Gold traders are trying to access the policy changes to be undertaken by the incoming Joe Biden administration
Gold is typically considered a hedge against inflation and currency debasement that can result from widespread stimulus
Gold and silver prices edged higher in Indian markets, tracking higher global rates. On MCX, February gold futures rose 0.27% to ₹49,115 per 10 gram while silver gained 0.3% to ₹66,234 per kg. In the previous session, gold and silver had risen 0.2% and 0.9% respectively. In global markets, gold rates moved higher following a weaker US dollar amid expectations of a massive US stimulus.
Janet Yellen, US President-elect Joe Biden's Treasury Secretary nominee, on Tuesday at her confirmation hearing urged lawmakers to "act big" on coronavirus relief spending. This buttressed gold's appeal as an inflation hedge and pressured the dollar. At the same time, Yellen, the former US Fed chairperson, did not say she backs a “strong" dollar.
Spot gold rates today gained 0.5% to $1,848.30 per ounce while the dollar index fell 0.14% to 90.345. The US treasury yields also fell. Lower Treasury yields reduce the opportunity cost of holding non-yielding bullion.
Joe Biden is set to be sworn into office today and investors will be focused on his $1.9 trillion stimulus package plan to boost the economy.

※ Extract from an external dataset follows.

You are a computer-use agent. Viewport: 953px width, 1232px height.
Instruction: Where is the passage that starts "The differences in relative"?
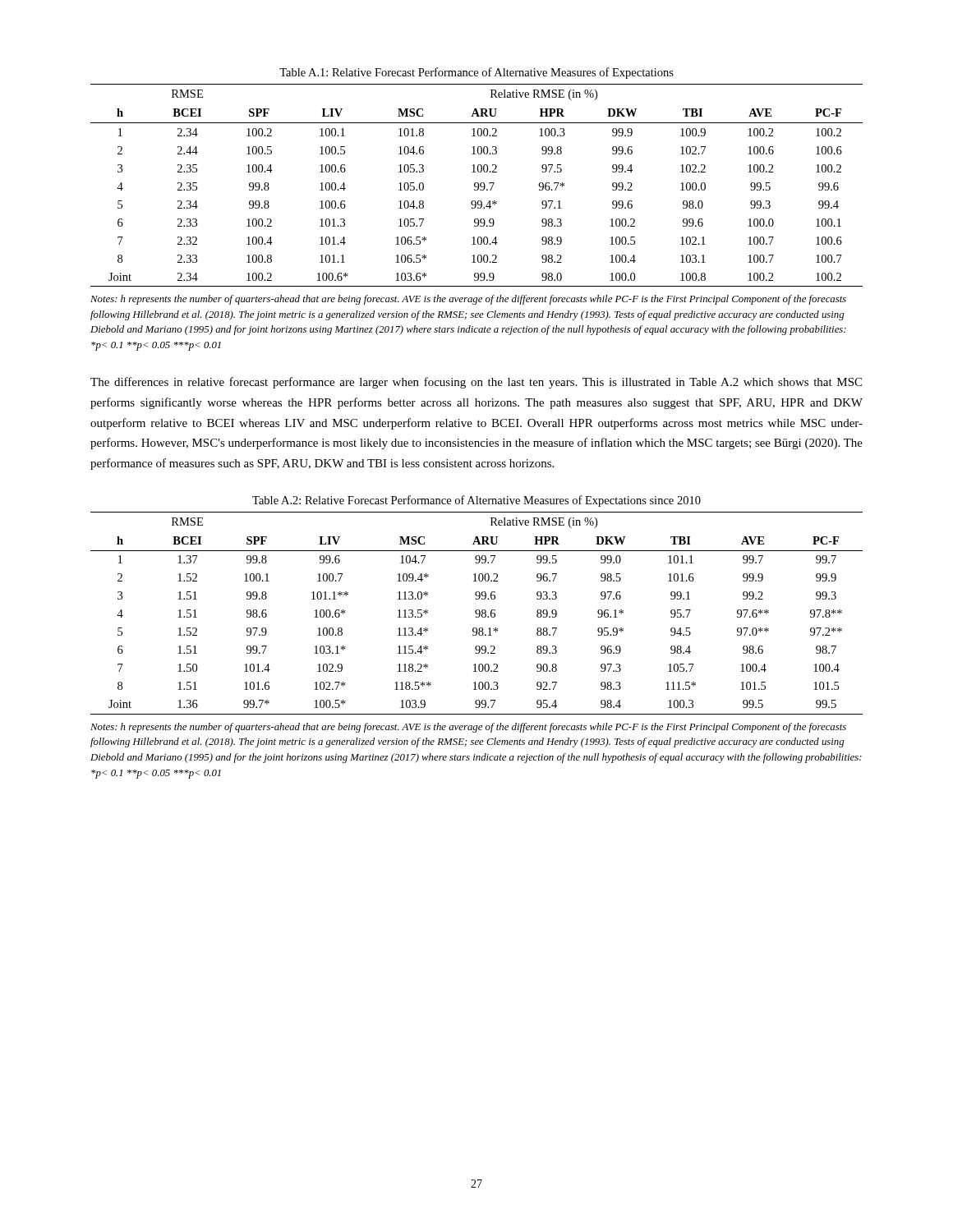476,423

"Market players are trying to assess what will be policy changes taken. Biden has already proposed an expansive $1.9 trillion stimulus package however market players want more clarity about other issues like tax hike, US-China relation, currency market involvement etc," Kotak Securities said in a note.
Gold is considered a hedge against inflation and currency debasement that can result from widespread stimulus. After strong gains last year, gold has declined this year as Treasury yields gained along with the US currency. In August last year, gold had hit a record high of ₹56,200 per 10 gram in global markets.
Among other precious metals, silver climbed 0.9% to $25.42 an ounce while platinum rose 1.2% to $1,096.23 and palladium gained 0.4% to $2,361.79.
"Gold may continue to witness choppy trade unless there are fresh triggers however the general bias may be on the upside as prospect of US stimulus and concerns about rising virus cases may continue to support prices," the brokerage added.
The World Gold Council in its outlook for this year said that the investment demand for gold will remain supported this year as investors navigate potential portfolio risks "including ballooning budget deficits, inflationary pressures, and market corrections amid already high equity valuations."
Gold consumption should benefit from the nascent economic recovery, especially in emerging markets, it added.